Communication issues vary throughout the autism spectrum, but even at the higher-functioning end there are still struggles. Kanner’s syndrome (classic autism) typically includes delayed speech development, but those with Asperger’s syndrome learn to speak at the same time as their peers, if not earlier. Children with Aspergers syndrome are likely to develop a strong vocabulary early, especially in their areas of interest. Children with hyperlexia may even take it a step further. Hyperlexia is sometimes affectionately known as “walking dictionary syndrome.” When I was diagnosed, my autism specialist noted that I have hyperlexic tendencies. I actually read dictionaries as a child and still enjoy reading technical manuals.

I would like to start by discussing my writing, as this may help some of you better understand my blog. I sometimes joke that I understand connotation only as another word in the dictionary. The joke isn’t far from the truth. I know what the dictionary definition of connotation is, and I understand that some words evoke emotional reactions in some people, but I generally don’t follow the process by which that occurs. As a result, I tend to select words based on denotation without regard for connotation. This means that you don’t have to read between the lines because I don’t write there. You can take my words at face value, and I consider it fair to ask me to define my terms. In terms of writing, the problem comes when others read something that isn’t there, which brings a story to mind…

When I was working on a help desk for a previous employer, I received a help request by email that made no sense to me. I responded: “I’m afraid I don’t understand your complaint. Could you please elaborate?” I thought I did pretty good job at writing a polite request for clarification, but the customer disagreed. My boss came to me an hour later to ask why I called the customer a whiner. After some discussion, he told me that the offending word was “complaint.” To me, a complaint is a declaration of a condition that causes distress (and that’s more or less what you will find in the dictionary), which is what the customer’s email was. I never said she was a whiner, so the whole thing was a surprise to me.

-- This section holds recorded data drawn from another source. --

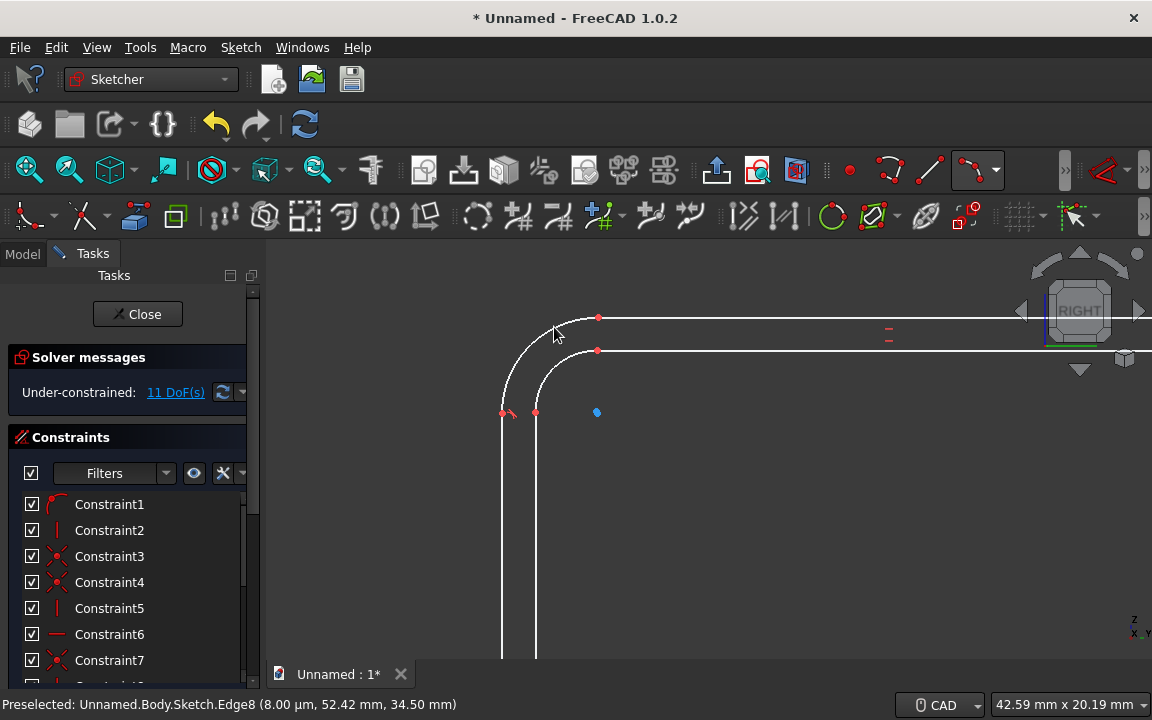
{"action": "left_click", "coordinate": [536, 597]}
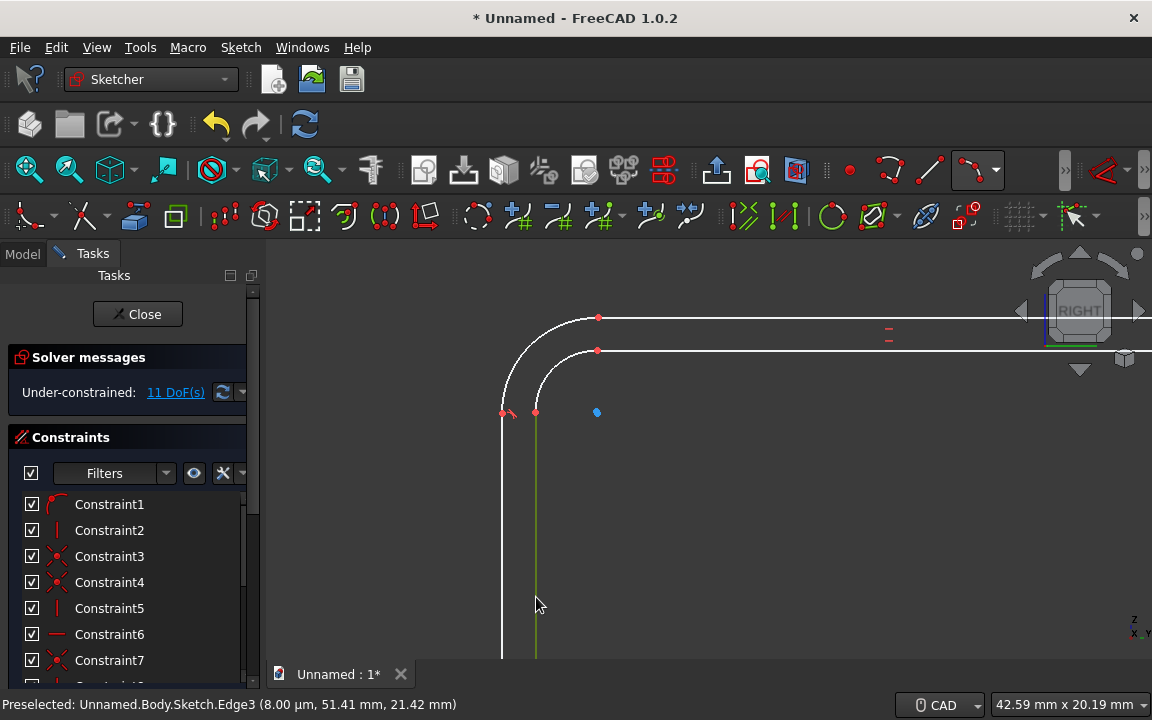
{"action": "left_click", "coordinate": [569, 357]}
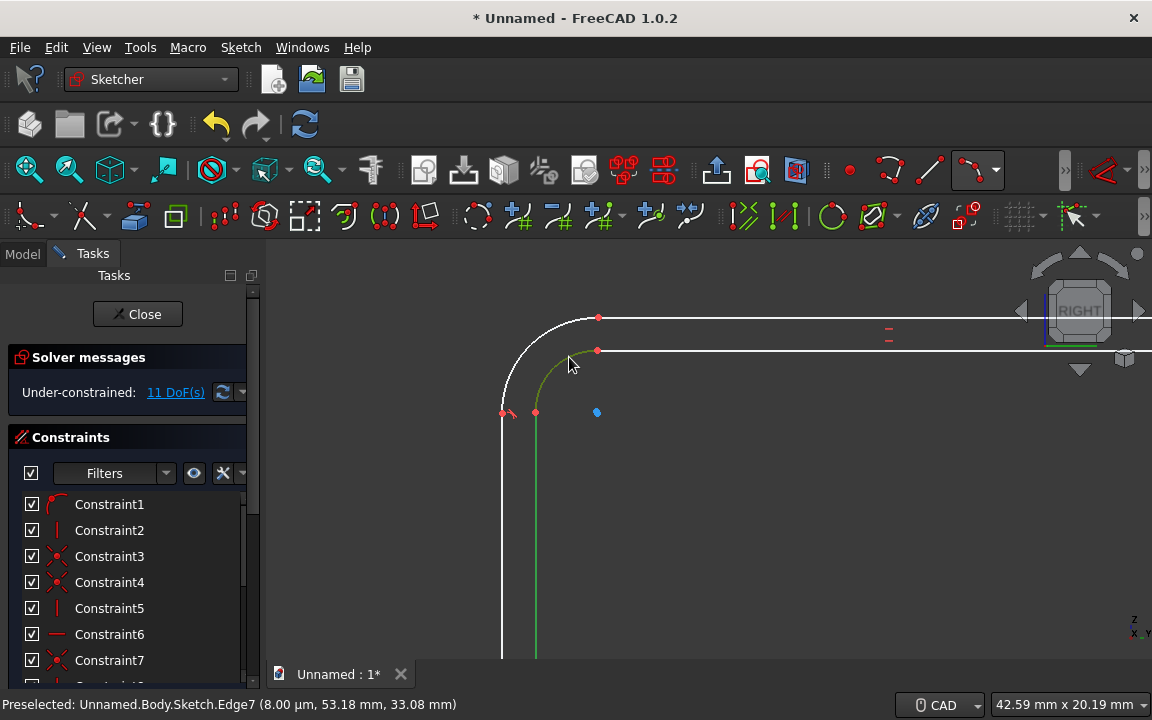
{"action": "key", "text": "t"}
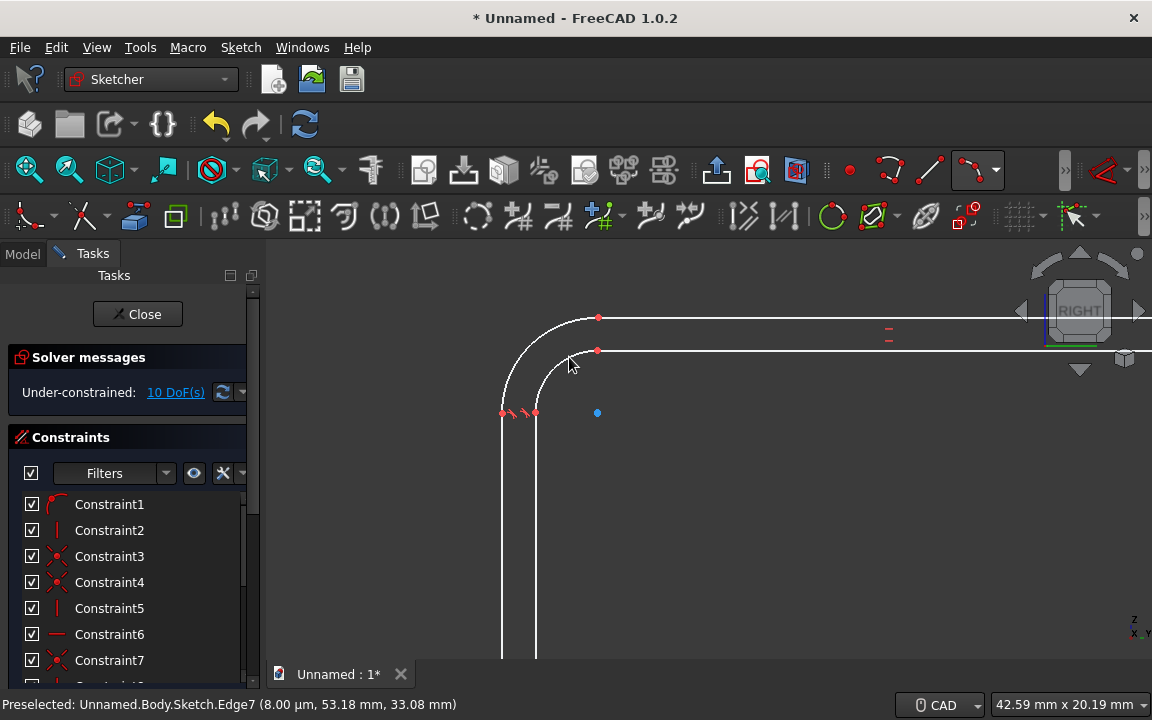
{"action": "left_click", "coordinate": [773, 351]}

Face to face communication can get a bit more complicated. I still select my words based on denotation without regard for connotation, but that’s only the beginning. Face to face communication includes body language and facial expressions. The diagnostic criteria for Asperger’s syndrome include “marked impairments in the use of multiple nonverbal behaviors such as eye-to-eye gaze, facial expression, body posture, and gestures to regulate social interaction.” It is easily possible for me to miss or misunderstand non-verbal signals. It is also very likely that others will misunderstand my non-verbal signals, especially when I’m highly stressed, frustrated, or overloaded. Sadly, this means that, at the times I may need help or understanding the most, I am most likely to be misunderstood. I’ve been told that I seem threatening when frustrated. My size and appearance probably contribute to that, but I wouldn’t hurt anyone intentionally.

It has been a long day, so I think I’m going to end here. I am quite certain I’ll pick this topic up again, as it is a core issue with Asperger’s syndrome.